I’ve also been worrying about next year, I got kept down a year to do a NATS Course, this is like a Business course thingame that just basically helps you decide what to do with your life. I’m regretting it now though. I’m being put in with the new Year 12′s. I’m going to have to repeat most of what i’ve done for the past 12 months. I’m also going to have to get along with people i’ve despised since they arrived here. I’m not exactly a overly confident person, which means I won’t talk to people I don’t know. Can you see the problems? Yeah I can too. My friends will be in Year 13 when we go back in September. Which will be strange as my sister will be in the year above (we’re triplets, so it’ll be weird that we’re separated). My friends inc my sister will leave for Uni or whatever next September while i’ll still be with the lower year. I’m going to miss them so much, I don’t know if i’d be able to last a year without seeing them at College. Guess i’ll have too. They won’t be there to make things easier for me forever. 

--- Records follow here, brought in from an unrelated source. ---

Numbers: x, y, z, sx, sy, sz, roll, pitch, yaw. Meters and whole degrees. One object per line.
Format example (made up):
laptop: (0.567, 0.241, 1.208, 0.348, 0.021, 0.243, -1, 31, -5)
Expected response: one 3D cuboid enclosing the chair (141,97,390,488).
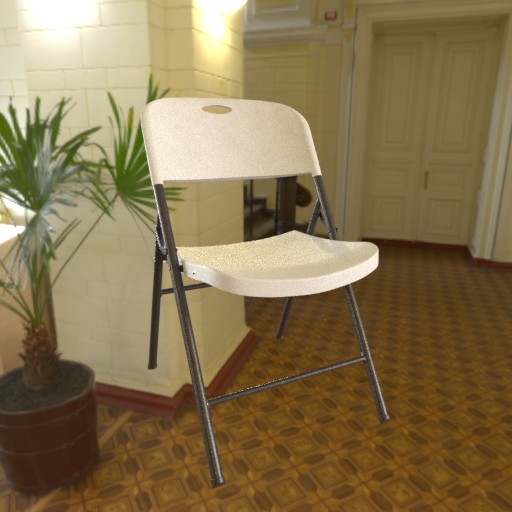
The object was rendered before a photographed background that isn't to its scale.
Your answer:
chair: (0.000, 0.000, 1.161, 0.494, 0.810, 0.566, -8, 18, -26)
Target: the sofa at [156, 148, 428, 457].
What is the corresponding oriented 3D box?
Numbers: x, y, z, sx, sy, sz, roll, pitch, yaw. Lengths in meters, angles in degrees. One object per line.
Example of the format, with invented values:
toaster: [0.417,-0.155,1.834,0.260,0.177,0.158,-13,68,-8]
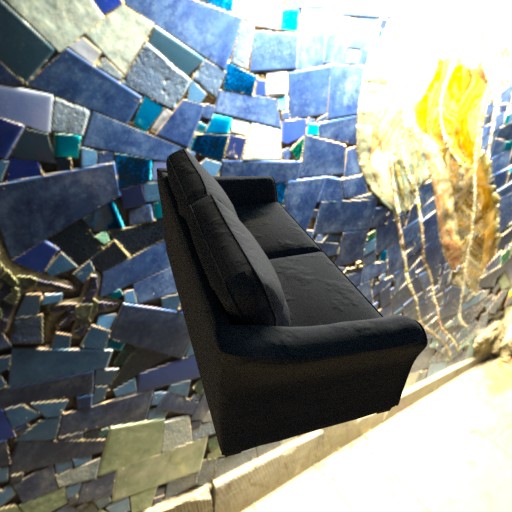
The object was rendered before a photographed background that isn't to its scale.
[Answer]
sofa: [0.000,0.000,2.817,0.971,0.950,2.270,-9,31,-15]
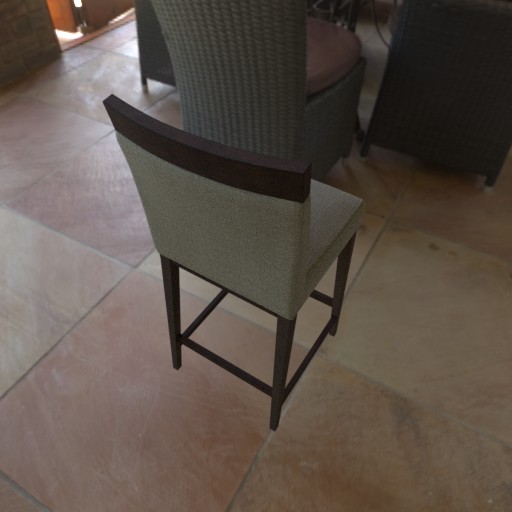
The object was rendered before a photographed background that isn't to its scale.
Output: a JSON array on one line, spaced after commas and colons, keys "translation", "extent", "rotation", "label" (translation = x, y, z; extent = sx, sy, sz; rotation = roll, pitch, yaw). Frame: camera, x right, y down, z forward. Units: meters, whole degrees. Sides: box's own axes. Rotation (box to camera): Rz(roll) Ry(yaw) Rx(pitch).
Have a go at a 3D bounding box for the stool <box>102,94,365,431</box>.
[{"translation": [0.000, 0.000, 1.418], "extent": [0.511, 1.117, 0.531], "rotation": [25, 51, 22], "label": "stool"}]

Another thing that’s been bothering me is that because i’ve got two years of College left, I won’t leave this town until i’m at least 20. That probably doesn’t sound daunting to anyone else but me. It’s because I want to get out and live a little. I’m sick of doing what i’m told. School, work, listen to others etc. Sure, I know I have too, but i’d like to do something I WANT to do. Even if it’s something small, I want to achieve something before I die (which could be in 2012, when the world is suppose to ‘end’, if that were the case, i would have half a year to do what I wanted to do. Lame?), I don’t want to live life like most people; School, Work, Death. Where’s the fun? You only live once, so I don’t want to waste it, cheers. I’ll keep wishing for now though. That’s all I can do. Just wish away. 

Anyway, that’s about it for now. All the thoughts from my head laid out for you to read. It’s not interesting, so if you’ve read this far, have a gold star.